Here you’ll find some use cases that should bring some ideas of “why” and “what”, as well as bit of “how” that’s possible (what mechanisms exist to allow BPF to do what we talked about).

ps.: any examples below are all based on Ubuntu Eoan (19.10), running Linux 5.3.0.

intro

For pretty much all that we do here at Pivotal (as far as I can tell for most teams), we’re always writing code that’s supposed to run in userspace, where for the things we do, we rely on the kernel to provide that nice abstraction of the underlying hardware (which, in our case is almost always virtualized), as well as manage its resources.

    USERSPACE
            
            programs ..     (us !!)

    -----------------------

    KERNELSPACE

            kernel

    -----------------------

    HARDWARE (possibly virtualized)

While it’s really challenging to write the code that we’re used to write, we’re very privileged when it comes to the safety of running in such place - unless we do something terribly bad, we’re very far from the possibility of “panic"ing the whole machine: the operating system protects us from messing things up.

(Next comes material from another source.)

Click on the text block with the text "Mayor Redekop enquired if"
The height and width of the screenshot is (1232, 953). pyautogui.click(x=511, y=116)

    USERSPACE PROGRAM                       KERNEL

    "give me 1PB of RAM!"
                                            "sure thing"

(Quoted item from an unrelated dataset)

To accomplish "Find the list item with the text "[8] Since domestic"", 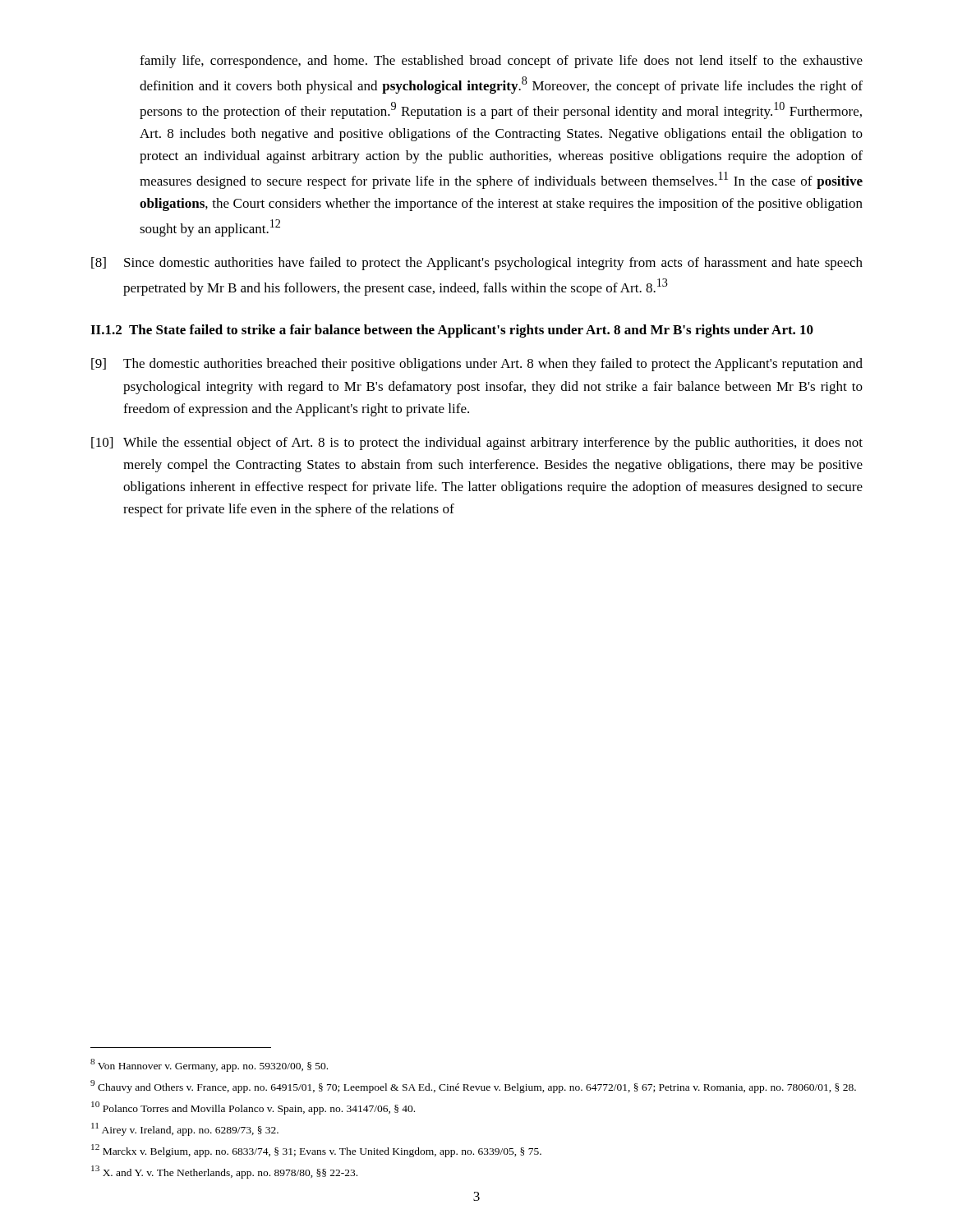I will tap(476, 275).
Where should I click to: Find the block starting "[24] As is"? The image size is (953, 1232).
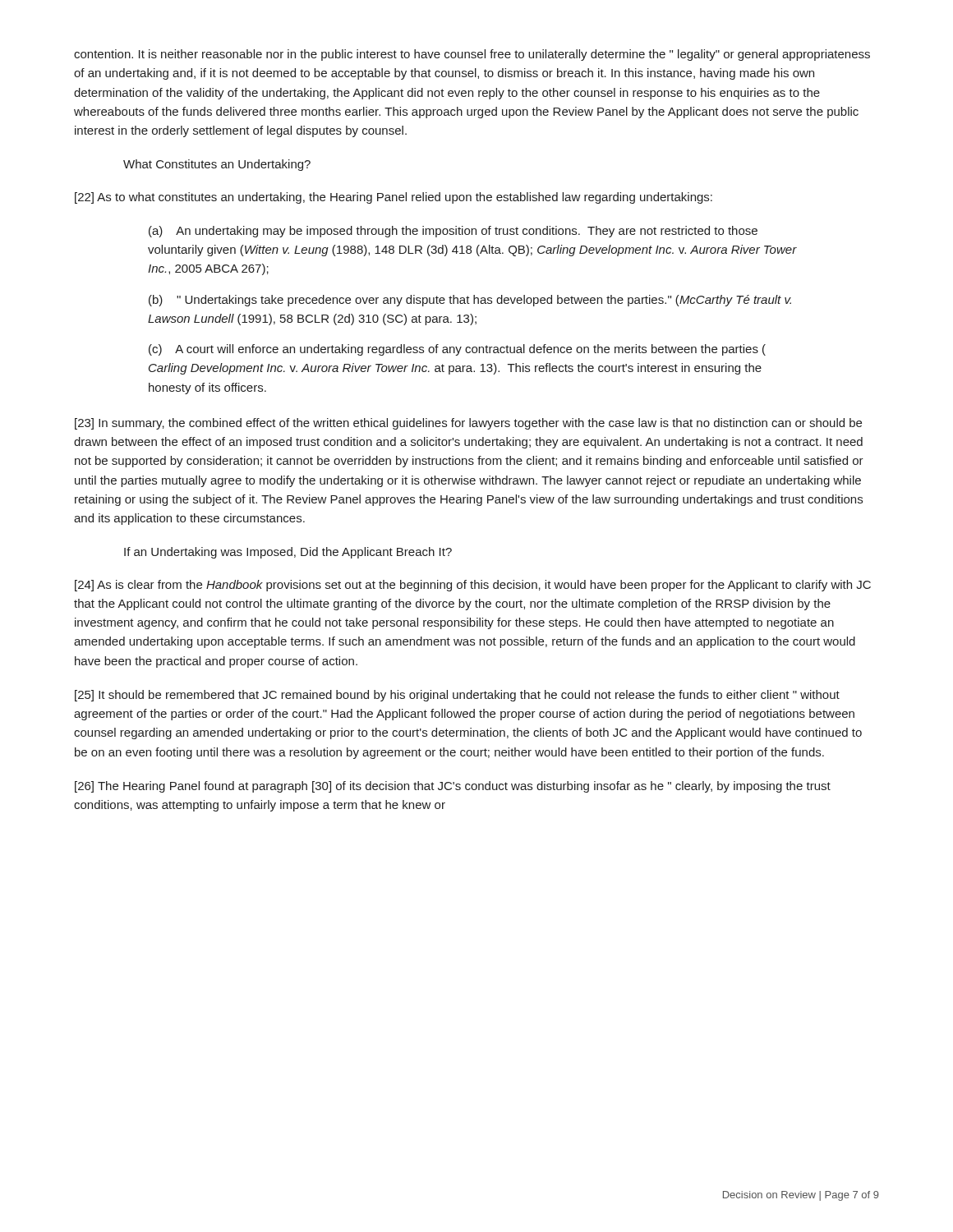[x=473, y=622]
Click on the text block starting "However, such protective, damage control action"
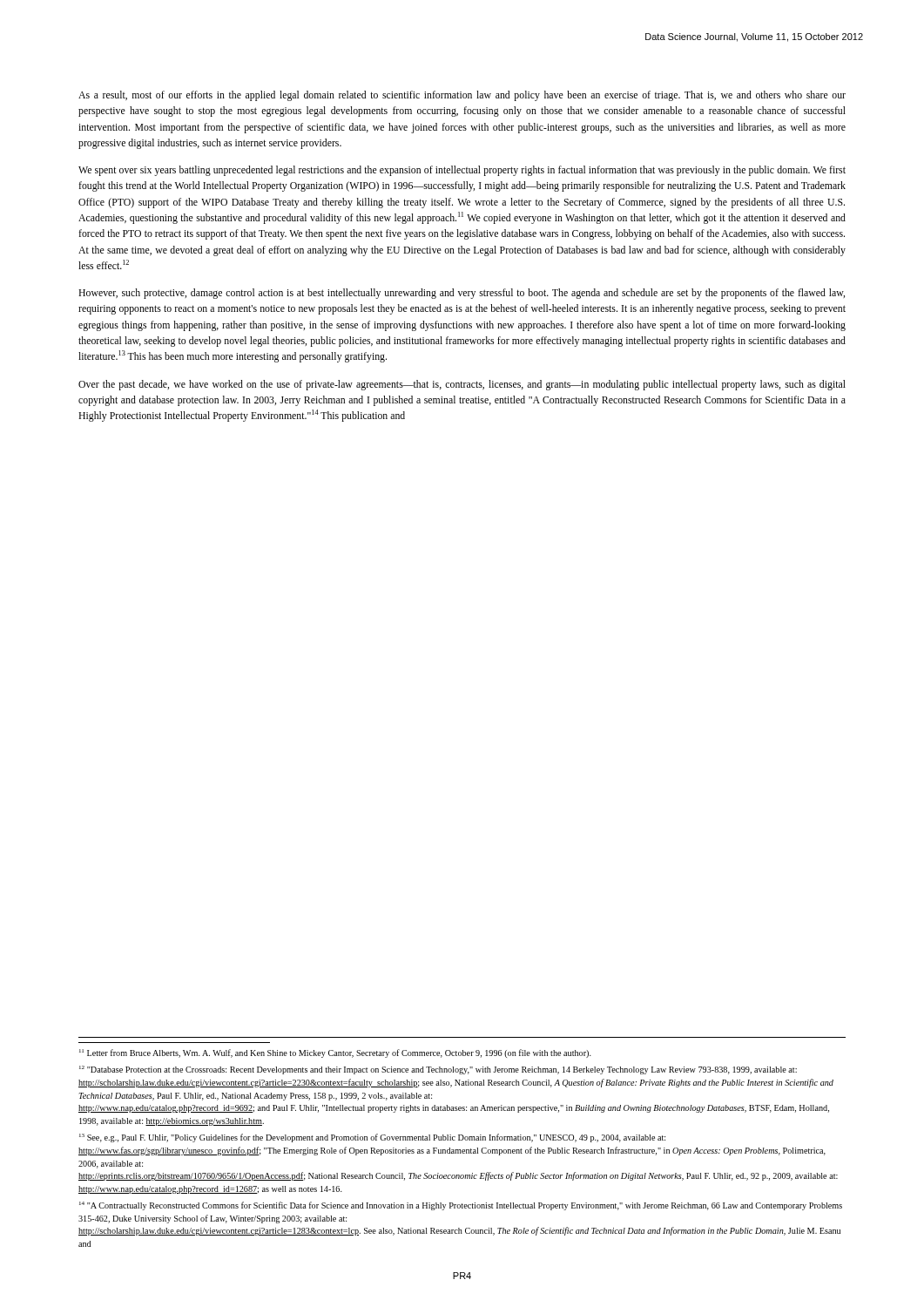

    starts trying to touch all of that
    space that it "received"

                                            ooh boy, I bet you're not going
                                            that far...


                    OOM KILLER GETS TRIGGERED
                                    end of story.

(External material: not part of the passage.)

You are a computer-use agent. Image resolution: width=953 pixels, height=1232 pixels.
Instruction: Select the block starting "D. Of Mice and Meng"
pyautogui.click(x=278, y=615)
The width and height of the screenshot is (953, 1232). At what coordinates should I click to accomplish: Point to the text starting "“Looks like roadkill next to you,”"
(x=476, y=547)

With that separation in place, it turns out that for certain things that we might want to do (e.g., observing what’s going on underneath, or making it do things in a way that we’d like to program the kernel to), it’s either completely impractical to do so from userspace, or simply impossible.

For a long time, for those use cases, you either had to use some quite complicated interfaces, write a kernel module, or perhaps even patch the kernel where a module couldn’t extend it.

Nowadays, however, in many cases you can rely on a much safer way of getting things done in the kernel - using BPF.

    USERSPACE

            program
                    
                    asks kernel to attach a program to certain events


    KERNELSPACE

            kernel
                    
                    attaches the user-defined code to certain events

                    ==> on event:

                            runs the user code

what it enables

To get a sense of what’s possible with it, I tried coming up with few examples of use cases that illustrate its applications in several domains.

The essential to grasp before we move on is that BPF enables us to run our own code, in kernel space, with native speeds, in a safe manner.

is my configuration file being read?

Let’s imagine that we have a machine which hosts an application, and we want to temporarily modify how its name resolution works.

To do so, let’s assume we want to achieve that in the simplest way possible - by tweaking /etc/hosts, the file-based static lookup table.

    BEFORE

            curl http://example.com

                    ==> "resolver", what's the address for `example.com`?
                                    
                                    <= it's 93.184.216.34!

                    ==> thx!
                    ...


    AFTER   

            echo '127.0.0.1 example.com' >> /etc/hosts

            curl http://example.com

                    ==> "resolver", what's the address for `example.com`?

                                    <= ooh, it's 127.0.0.1, have fun!

                    ==> thx!
                    ...

But, In addition to that, let’s also imagine that we’re not really aware if such application even looks at /etc/hosts in the first place.

    curl ...  does it even look at `/etc/hosts`?  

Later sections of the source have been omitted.